Au total, 1 647 échecs vaccinaux ont été identifiés, dont 130 sont survenus chez des personnes immunodéprimées. Leur répartition selon le vaccin réalisé est la suivante :
- 1 349 cas sont liés au vaccin Comirnaty (soit un taux de notification (TN) de 4,0/100 000 vaccinations complètes à deux doses)
- 57 cas liés au vaccin Spikevax (soit un TN de 1,2/100 000 vaccinations complètes à 2 doses)
- 142 cas liés au vaccin Vaxzevria (soit un TN de 4,2/100 000 vaccinations complètes à 2 doses)
- 99 cas liés au vaccin Janssen (soit un TN de 9,5/100 000 vaccinations complètes à 1 dose) A noter que ces TN/100 000 sont plus élevés chez les plus âgés quel que soit le vaccin, avec par exemple pour Comirnaty, des TN de 10,9/100 000 chez les 75-84 ans et de 33,6 chez les 85 ans et plus (sauf pour Vaxzevria chez les 16-49 ans, avec 10 cas/26 574 vaccinations complètes, soit un TN de 37,6/100 000). Le délai médian de survenue des cas de Covid-19 post-vaccination complète varie entre 2 mois (Janssen), 2,5 mois (Vaxzevria), 2,9 mois (Spikevax) et 3,1 mois (Comirnaty). Les échecs vaccinaux étaient graves dans 858 cas/1 349 cas liés au vaccin Comirnaty (soit un TN de 2,5/100 000 vaccinations), dans 36 cas/57 cas liés au vaccin Spikevax (soit un TN de 0,7/100 000 vaccinations), dans 122 cas/142 cas liés au vaccin Vaxzevria (soit un TN de 3,6/100 000 vaccinations), et 90 cas/99 cas liés au vaccin Janssen (soit un TN de 8 ,7/100 000 vaccinations). Les individus concernés par ces échecs vaccinaux présentaient des comorbidités dans 842 cas /1 349 liés au vaccin Comirnaty, 32 cas/57 liés au vaccin Spikevax, 107 cas/142 liés au vaccin Vaxzevria et 73 cas/99 liés au vaccin Janssen.
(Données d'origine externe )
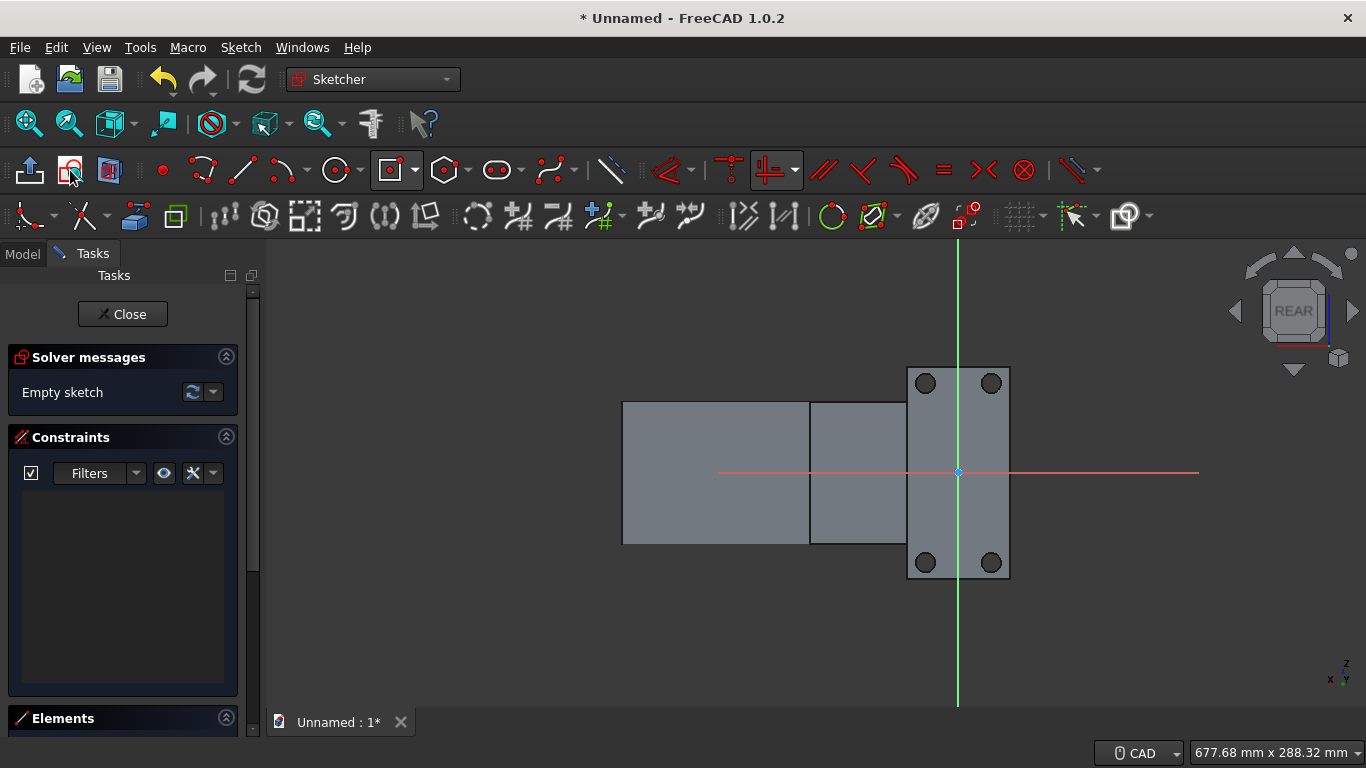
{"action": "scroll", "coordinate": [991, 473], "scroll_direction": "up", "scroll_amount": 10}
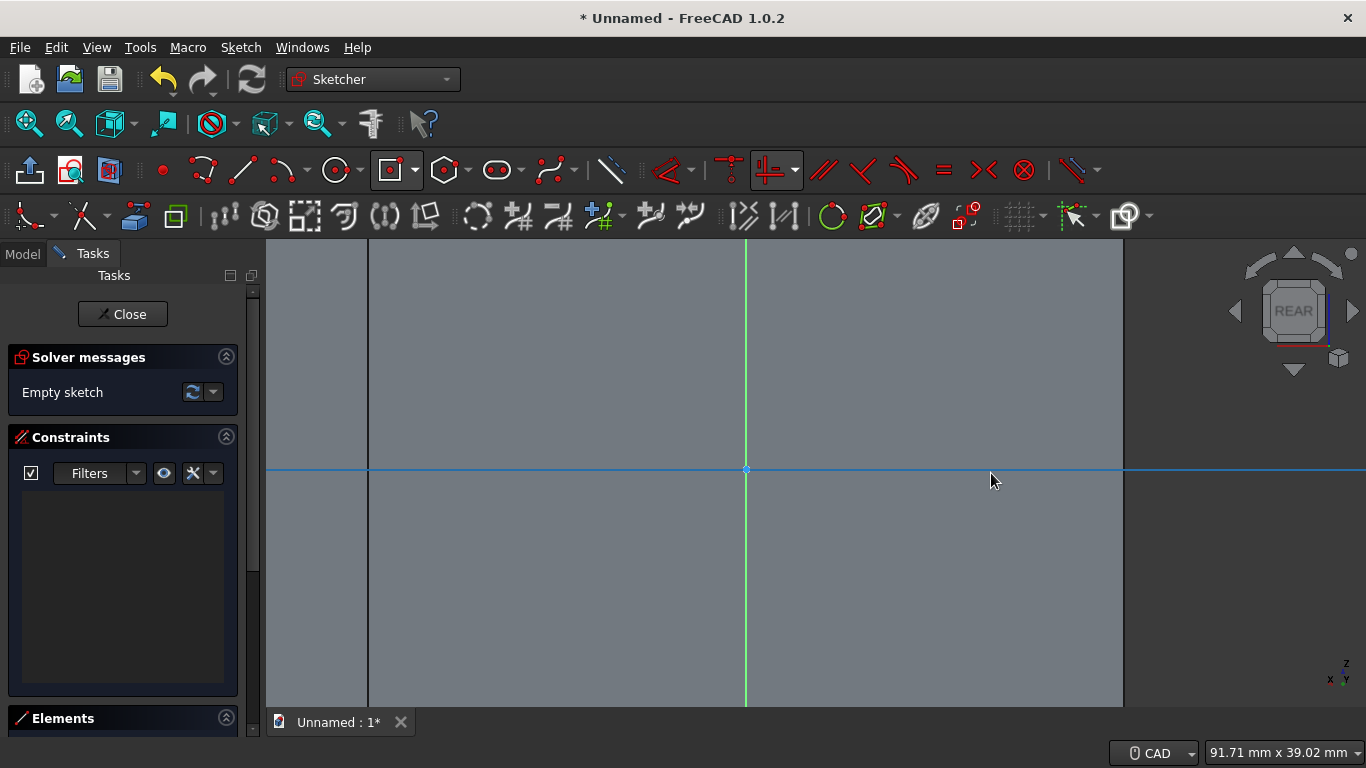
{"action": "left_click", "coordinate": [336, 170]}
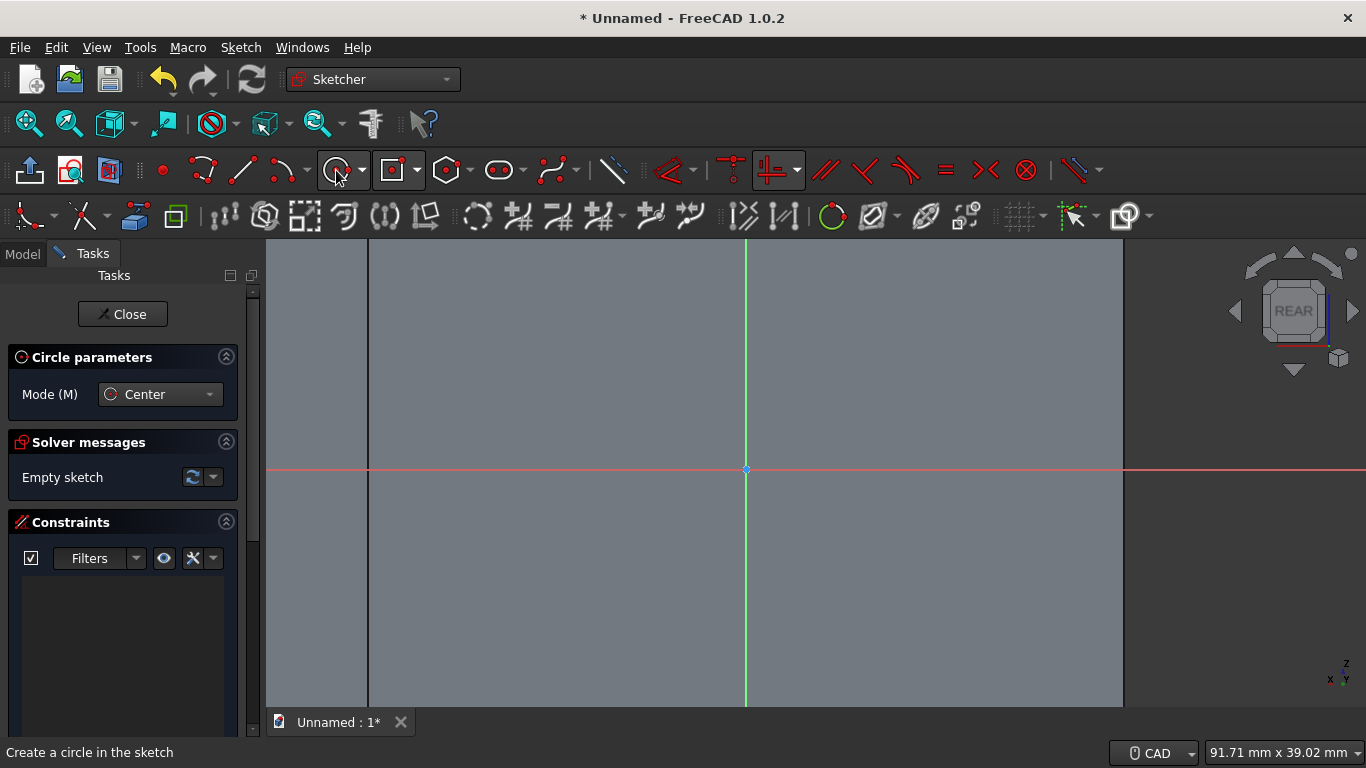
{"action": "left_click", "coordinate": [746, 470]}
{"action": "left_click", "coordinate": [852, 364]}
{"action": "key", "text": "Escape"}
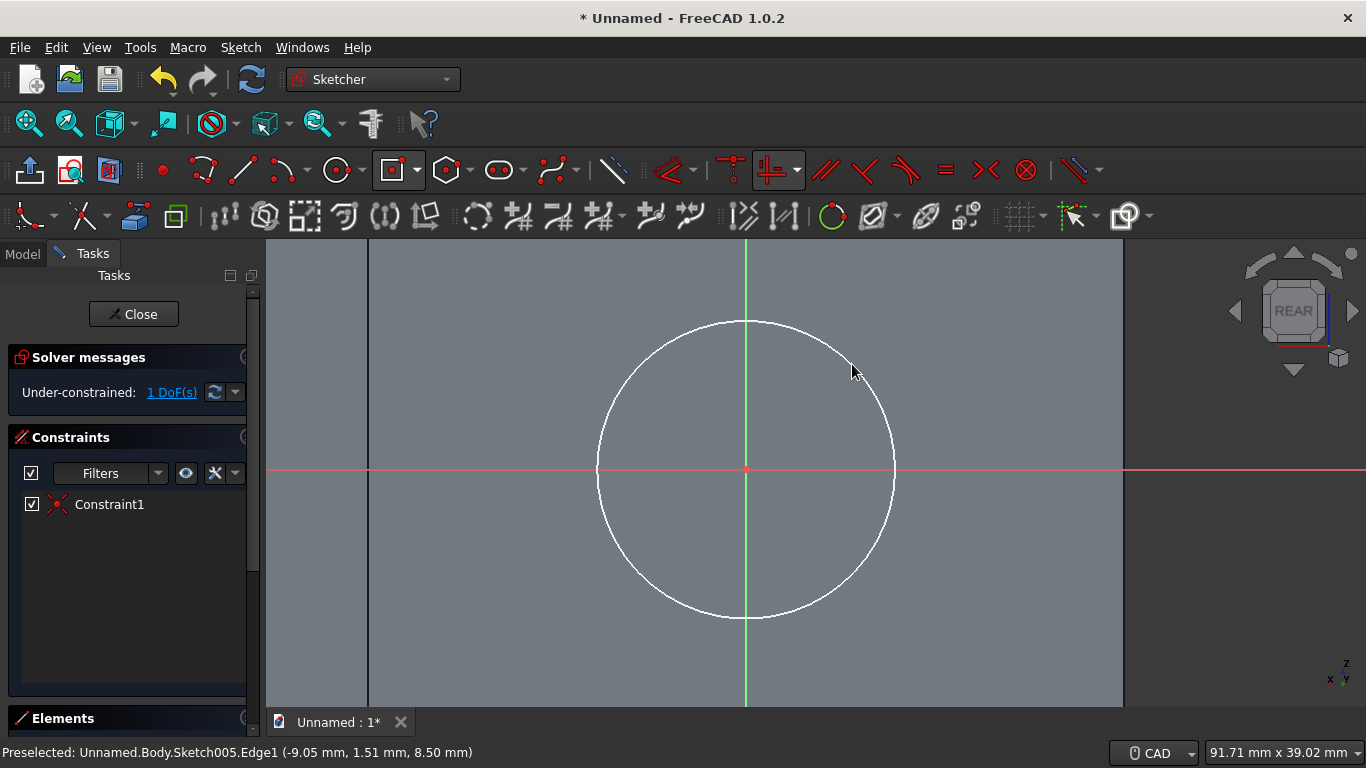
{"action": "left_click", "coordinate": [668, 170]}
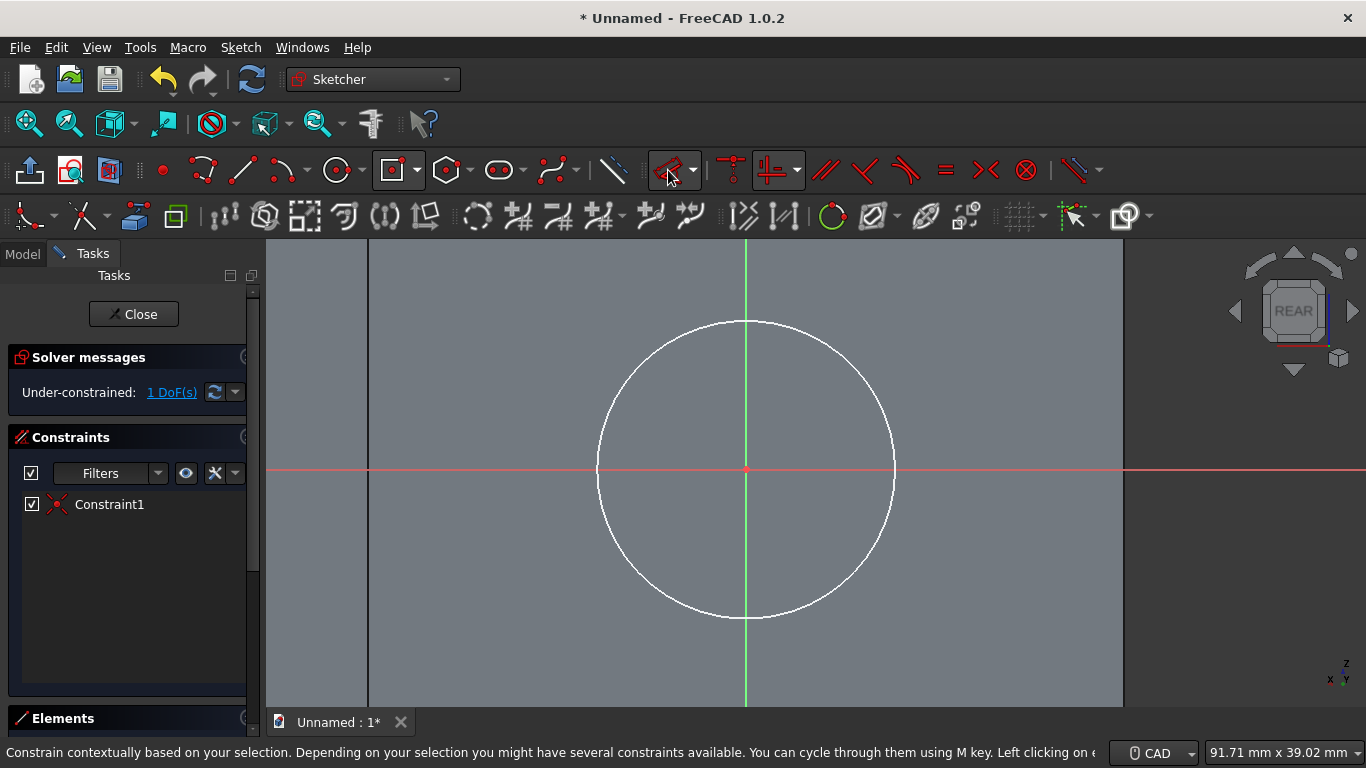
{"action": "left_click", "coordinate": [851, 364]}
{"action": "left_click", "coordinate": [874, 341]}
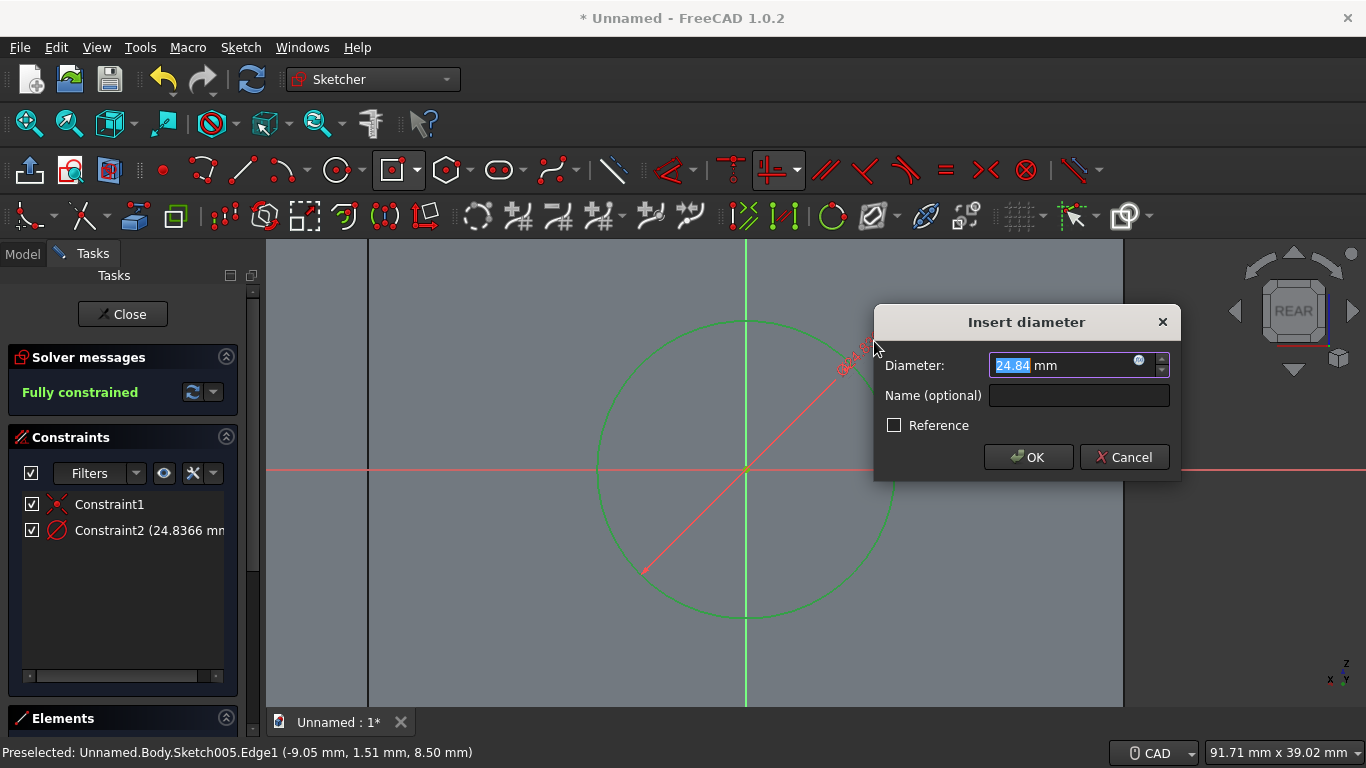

Avis n° 2021.0082/AC/SESPEV du 18 novembre 2021 Page 6 / 11
Enfin, le variant impliqué dans les cas d’échec vaccinal était essentiellement le variant Delta (434/1 349 pour Comirnaty, 23/57 pour Spikevax, 50/142 pour Vaxzevria et 39/99 pour Janssen), mais un nombre de cas important reste non caractérisés (avec respectivement pour chaque vaccin précité 670, 32, 89 et 59 cas).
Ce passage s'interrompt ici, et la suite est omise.